Sachs rebateu alguns de seus críticos, reafirmando que não se trata de promover uma volta à economia de coleta do passado, mas de “se construir uma biocivilização, com a biotecnologia empregada para transformar a biomassa em uma série de produtos. Estamos perto de uma grande revolução industrial na qual a biotecnologia vai ter um papel fundamental”, ressaltou. Nesse sentido, a sociedade deve ser incluída no complexo debate em torno dos transgênicos. Segundo o economista, a modificação genética “não pode ser rejeitada por inteiro, mas é preciso definir os seus limites”.

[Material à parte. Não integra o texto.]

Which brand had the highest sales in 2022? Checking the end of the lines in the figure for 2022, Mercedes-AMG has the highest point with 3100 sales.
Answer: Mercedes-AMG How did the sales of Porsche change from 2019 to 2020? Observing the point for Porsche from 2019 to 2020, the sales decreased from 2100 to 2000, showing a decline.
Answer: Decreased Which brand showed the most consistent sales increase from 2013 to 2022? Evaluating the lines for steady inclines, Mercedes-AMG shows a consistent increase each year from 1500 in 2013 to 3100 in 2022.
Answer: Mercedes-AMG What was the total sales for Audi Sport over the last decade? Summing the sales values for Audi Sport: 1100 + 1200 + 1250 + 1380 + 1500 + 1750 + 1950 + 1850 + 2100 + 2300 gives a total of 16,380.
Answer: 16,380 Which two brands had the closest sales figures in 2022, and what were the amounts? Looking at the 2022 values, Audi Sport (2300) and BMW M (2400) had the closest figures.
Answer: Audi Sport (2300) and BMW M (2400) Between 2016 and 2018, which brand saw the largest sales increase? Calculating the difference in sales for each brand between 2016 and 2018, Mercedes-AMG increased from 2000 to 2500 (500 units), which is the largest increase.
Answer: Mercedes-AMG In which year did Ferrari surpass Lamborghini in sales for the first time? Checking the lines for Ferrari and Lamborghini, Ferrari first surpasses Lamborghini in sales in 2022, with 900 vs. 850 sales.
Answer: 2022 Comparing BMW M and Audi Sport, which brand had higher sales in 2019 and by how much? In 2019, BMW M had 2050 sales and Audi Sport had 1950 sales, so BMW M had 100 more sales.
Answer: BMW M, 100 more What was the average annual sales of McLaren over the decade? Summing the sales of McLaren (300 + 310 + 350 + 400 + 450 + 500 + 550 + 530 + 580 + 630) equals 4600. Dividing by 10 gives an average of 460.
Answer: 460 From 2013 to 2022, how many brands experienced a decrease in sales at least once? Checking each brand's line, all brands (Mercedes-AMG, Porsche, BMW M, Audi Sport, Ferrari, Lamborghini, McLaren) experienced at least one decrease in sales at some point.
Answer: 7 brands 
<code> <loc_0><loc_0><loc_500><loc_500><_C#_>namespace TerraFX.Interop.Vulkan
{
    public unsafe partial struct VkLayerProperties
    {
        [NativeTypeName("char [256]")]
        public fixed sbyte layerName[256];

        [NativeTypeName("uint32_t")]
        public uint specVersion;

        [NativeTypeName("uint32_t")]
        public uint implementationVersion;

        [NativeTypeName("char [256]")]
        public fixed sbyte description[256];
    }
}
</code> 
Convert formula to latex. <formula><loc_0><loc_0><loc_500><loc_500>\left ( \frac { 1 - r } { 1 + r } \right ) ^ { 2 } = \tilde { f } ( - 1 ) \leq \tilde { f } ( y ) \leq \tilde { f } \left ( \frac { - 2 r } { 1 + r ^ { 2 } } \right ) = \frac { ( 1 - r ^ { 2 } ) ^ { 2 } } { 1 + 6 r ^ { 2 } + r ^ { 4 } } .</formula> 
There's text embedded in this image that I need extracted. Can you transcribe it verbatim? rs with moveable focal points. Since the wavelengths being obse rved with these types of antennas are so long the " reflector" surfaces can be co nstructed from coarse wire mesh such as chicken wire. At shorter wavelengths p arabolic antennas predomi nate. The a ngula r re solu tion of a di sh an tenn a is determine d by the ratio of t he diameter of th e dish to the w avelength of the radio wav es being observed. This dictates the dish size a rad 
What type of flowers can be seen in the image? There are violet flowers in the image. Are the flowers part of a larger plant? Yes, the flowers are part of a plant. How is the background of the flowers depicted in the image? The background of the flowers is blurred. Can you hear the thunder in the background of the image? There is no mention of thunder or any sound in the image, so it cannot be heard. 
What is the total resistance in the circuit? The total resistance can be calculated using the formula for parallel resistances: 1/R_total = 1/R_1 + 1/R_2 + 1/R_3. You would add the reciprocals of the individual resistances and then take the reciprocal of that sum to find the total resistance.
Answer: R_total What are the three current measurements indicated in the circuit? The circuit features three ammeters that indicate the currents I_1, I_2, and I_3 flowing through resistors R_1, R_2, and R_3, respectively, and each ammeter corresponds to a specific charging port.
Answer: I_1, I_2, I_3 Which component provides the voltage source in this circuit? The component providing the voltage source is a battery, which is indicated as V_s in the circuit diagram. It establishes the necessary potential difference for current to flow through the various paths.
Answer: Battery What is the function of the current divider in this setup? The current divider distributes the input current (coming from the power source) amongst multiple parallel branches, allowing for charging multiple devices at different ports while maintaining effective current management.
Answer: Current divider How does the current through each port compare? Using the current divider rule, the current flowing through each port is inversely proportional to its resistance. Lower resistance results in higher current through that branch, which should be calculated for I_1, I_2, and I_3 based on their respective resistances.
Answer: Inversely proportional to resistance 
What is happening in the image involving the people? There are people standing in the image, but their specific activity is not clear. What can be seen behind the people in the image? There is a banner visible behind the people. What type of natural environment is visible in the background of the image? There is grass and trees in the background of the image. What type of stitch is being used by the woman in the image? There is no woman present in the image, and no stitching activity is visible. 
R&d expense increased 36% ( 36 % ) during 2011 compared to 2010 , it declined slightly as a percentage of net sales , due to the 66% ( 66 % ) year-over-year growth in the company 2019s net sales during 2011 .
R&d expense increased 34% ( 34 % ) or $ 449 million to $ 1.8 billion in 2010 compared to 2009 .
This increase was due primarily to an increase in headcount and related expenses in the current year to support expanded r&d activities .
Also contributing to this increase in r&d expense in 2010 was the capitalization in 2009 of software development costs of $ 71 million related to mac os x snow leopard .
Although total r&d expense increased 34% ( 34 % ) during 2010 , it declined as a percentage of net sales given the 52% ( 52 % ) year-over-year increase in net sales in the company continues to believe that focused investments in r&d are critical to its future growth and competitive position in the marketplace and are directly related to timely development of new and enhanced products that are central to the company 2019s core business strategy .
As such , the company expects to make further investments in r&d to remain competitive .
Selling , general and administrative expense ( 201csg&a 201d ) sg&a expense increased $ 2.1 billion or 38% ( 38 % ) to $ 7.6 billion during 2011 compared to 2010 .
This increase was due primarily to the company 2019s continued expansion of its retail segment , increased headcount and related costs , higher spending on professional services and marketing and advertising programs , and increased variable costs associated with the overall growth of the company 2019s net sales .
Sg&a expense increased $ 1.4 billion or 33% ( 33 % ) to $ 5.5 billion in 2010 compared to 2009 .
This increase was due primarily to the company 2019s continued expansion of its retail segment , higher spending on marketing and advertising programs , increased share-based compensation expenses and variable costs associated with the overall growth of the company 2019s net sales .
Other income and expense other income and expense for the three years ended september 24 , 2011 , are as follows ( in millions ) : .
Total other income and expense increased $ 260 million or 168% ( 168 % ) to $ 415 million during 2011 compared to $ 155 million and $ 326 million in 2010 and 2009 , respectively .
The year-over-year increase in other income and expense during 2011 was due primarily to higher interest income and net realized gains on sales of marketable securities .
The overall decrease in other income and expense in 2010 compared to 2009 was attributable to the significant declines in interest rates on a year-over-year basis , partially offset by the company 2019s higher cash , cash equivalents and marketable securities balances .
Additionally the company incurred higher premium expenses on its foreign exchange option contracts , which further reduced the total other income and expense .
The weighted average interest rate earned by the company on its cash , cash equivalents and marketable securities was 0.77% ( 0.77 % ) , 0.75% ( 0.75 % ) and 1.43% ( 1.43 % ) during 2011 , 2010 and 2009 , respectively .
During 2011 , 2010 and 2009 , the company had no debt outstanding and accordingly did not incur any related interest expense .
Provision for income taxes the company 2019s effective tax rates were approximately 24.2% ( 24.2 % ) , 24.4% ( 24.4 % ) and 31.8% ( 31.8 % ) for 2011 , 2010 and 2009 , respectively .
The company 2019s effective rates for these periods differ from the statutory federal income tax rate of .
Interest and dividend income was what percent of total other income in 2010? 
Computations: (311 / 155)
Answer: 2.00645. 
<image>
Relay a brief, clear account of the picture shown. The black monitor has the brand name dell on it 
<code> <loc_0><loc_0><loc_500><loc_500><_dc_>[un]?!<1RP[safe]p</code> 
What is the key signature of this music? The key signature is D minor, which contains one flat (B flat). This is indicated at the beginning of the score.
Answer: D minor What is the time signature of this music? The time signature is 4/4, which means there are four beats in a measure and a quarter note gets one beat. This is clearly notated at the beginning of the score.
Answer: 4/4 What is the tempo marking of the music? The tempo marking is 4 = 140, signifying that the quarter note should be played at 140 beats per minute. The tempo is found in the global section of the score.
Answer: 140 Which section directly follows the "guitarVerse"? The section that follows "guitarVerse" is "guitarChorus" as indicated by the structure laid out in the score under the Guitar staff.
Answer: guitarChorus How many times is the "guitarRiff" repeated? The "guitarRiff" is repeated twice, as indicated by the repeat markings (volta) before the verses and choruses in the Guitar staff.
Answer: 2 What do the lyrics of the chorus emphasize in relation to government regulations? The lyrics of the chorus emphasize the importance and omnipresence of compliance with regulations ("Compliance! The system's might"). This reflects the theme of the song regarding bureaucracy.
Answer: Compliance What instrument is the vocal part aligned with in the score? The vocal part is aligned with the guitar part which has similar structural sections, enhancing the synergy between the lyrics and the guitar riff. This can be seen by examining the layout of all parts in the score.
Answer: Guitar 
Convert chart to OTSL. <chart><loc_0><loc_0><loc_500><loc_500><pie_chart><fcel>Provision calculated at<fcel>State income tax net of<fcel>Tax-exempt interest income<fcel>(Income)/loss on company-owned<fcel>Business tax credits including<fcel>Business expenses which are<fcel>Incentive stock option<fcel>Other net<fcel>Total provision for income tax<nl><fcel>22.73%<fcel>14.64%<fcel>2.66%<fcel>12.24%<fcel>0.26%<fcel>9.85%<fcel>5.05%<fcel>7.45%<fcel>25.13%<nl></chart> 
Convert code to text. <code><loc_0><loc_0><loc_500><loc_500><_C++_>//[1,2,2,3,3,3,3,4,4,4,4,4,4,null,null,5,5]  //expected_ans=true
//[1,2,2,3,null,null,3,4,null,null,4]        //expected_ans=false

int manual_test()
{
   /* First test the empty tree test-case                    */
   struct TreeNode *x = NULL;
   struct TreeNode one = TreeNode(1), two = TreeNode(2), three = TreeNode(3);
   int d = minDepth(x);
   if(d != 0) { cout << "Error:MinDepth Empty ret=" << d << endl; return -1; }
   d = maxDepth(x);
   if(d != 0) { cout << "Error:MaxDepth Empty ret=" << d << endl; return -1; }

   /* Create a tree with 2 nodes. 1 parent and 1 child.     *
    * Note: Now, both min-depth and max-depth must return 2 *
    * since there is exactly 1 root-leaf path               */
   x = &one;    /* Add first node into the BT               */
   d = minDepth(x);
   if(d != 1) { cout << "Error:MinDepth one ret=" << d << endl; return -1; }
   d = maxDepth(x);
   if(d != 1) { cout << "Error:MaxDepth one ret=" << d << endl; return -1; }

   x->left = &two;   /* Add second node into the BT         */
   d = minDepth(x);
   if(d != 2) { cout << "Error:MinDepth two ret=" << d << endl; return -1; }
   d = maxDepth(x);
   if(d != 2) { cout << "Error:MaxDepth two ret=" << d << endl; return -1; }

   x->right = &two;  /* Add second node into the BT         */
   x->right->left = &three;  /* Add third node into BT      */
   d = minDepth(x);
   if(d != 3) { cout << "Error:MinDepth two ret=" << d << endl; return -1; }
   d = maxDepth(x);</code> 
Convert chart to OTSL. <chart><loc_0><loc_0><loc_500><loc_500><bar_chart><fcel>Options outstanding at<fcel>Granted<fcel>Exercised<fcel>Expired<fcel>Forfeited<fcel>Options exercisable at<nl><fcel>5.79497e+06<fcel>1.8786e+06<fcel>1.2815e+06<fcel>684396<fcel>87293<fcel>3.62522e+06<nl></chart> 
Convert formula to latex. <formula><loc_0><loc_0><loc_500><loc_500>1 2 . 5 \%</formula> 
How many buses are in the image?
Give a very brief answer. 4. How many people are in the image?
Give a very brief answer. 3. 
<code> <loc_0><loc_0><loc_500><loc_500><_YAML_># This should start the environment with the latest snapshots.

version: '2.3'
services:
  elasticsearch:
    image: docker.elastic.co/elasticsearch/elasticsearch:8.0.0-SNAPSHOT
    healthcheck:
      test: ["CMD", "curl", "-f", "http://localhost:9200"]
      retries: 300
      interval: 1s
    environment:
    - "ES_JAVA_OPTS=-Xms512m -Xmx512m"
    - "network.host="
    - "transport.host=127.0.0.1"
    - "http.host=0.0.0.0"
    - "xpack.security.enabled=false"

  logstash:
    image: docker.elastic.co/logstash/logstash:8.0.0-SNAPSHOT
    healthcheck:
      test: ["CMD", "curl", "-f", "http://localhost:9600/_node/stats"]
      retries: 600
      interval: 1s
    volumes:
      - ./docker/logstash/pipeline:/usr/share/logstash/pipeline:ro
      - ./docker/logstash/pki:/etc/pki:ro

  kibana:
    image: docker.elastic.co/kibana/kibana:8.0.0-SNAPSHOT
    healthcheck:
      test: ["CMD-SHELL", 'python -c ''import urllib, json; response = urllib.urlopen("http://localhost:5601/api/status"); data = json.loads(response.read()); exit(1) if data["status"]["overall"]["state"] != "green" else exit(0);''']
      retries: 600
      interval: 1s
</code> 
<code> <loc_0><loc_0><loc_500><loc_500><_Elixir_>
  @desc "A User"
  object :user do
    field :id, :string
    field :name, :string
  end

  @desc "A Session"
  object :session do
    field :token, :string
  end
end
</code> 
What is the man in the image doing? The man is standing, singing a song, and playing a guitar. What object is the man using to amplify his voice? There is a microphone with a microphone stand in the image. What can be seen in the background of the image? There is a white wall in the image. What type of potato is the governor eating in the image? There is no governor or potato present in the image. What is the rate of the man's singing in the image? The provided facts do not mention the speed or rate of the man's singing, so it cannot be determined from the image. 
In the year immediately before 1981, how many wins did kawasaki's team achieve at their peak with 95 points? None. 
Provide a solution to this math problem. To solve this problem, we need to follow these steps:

Ainda em relação à matriz energética, Sachs afirmou que a construção da usina de Belo Monte “não é totalmente certa, nem totalmente errada”. Para ele, ainda estamos em tempo de incluir as populações ribeirinhas no debate acerca do projeto. “Terá impactos ambientais, mas se comparamos com a construção de Tucuruí, este é um belo projeto”, disse. A hidrelétrica de Tucuruí foi construída em Belém, em 1976, sob diversos protestos de ambientalistas, dado os fortes impactos negativos que causou no ecossistema daquela região. Sachs defendeu, entretanto, que o potencial hidrelétrico na Amazônia deve ser reconhecido e aproveitado, uma vez que essa forma de produção de energia é preferível à nuclear ou térmica.
A vez dos trópicos
Os países tropicais e subtropicais terão um papel central na construção da nova biocivilização. “Este cenário reverte a tese da inferioridade dos trópicos. Nesta região se concentram a maior biodiversidade do mundo e climas propícios para as biomassas, dando condições para que a área lidere a revolução azul”, destacou. O termo revolução azul faz referência a revolução verde e designa o desenvolvimento da aquacultura para manter a qualidade de vida e evitar a destruição dos oceanos. Para Sachs, um dos aspectos a serem explorados é a criação de peixes vegetarianos, que poderão ser a principal fonte de proteína animal para a humanidade no futuro. “Precisamos pensar nos impactos da criação de gado bovino. No longo prazo teremos menos churrasco e mais peixes”, disse. Além disso, a revolução azul pode ajudar a reduzir o problema da limitação da superfície terrestre para a produção de alimentos, embora, atualmente, a fome seja um problema ocasionado mais pela organização das sociedades, do que por um problema de oferta.
O economista lembrou que ainda será necessário manter um período de crescimento econômico para reduzir as desigualdades sociais e, por isso, é preciso desenvolver uma estratégia triplamente positiva - de crescimentocom melhoras ambientais e sociais. Questionado sobre a necessidade de uma revolução estrutural, ante tantos problemas no horizonte do capitalismo, Sachs foi pragmático. Para o polonês, é preciso primeiramente aproveitar todas as brechas no sistema atual. E, em sua opinião, já há três possibilidades colocadas: a construção de uma rede mundial de serviços sociais de saúde, educação e saneamento; a ampliação ao máximo da economia social ou solidária dentro da economia de mercado com as organizações que fazem o uso social do lucro, e não buscam o lucro individual máximo; e a redução da emissão de carbono.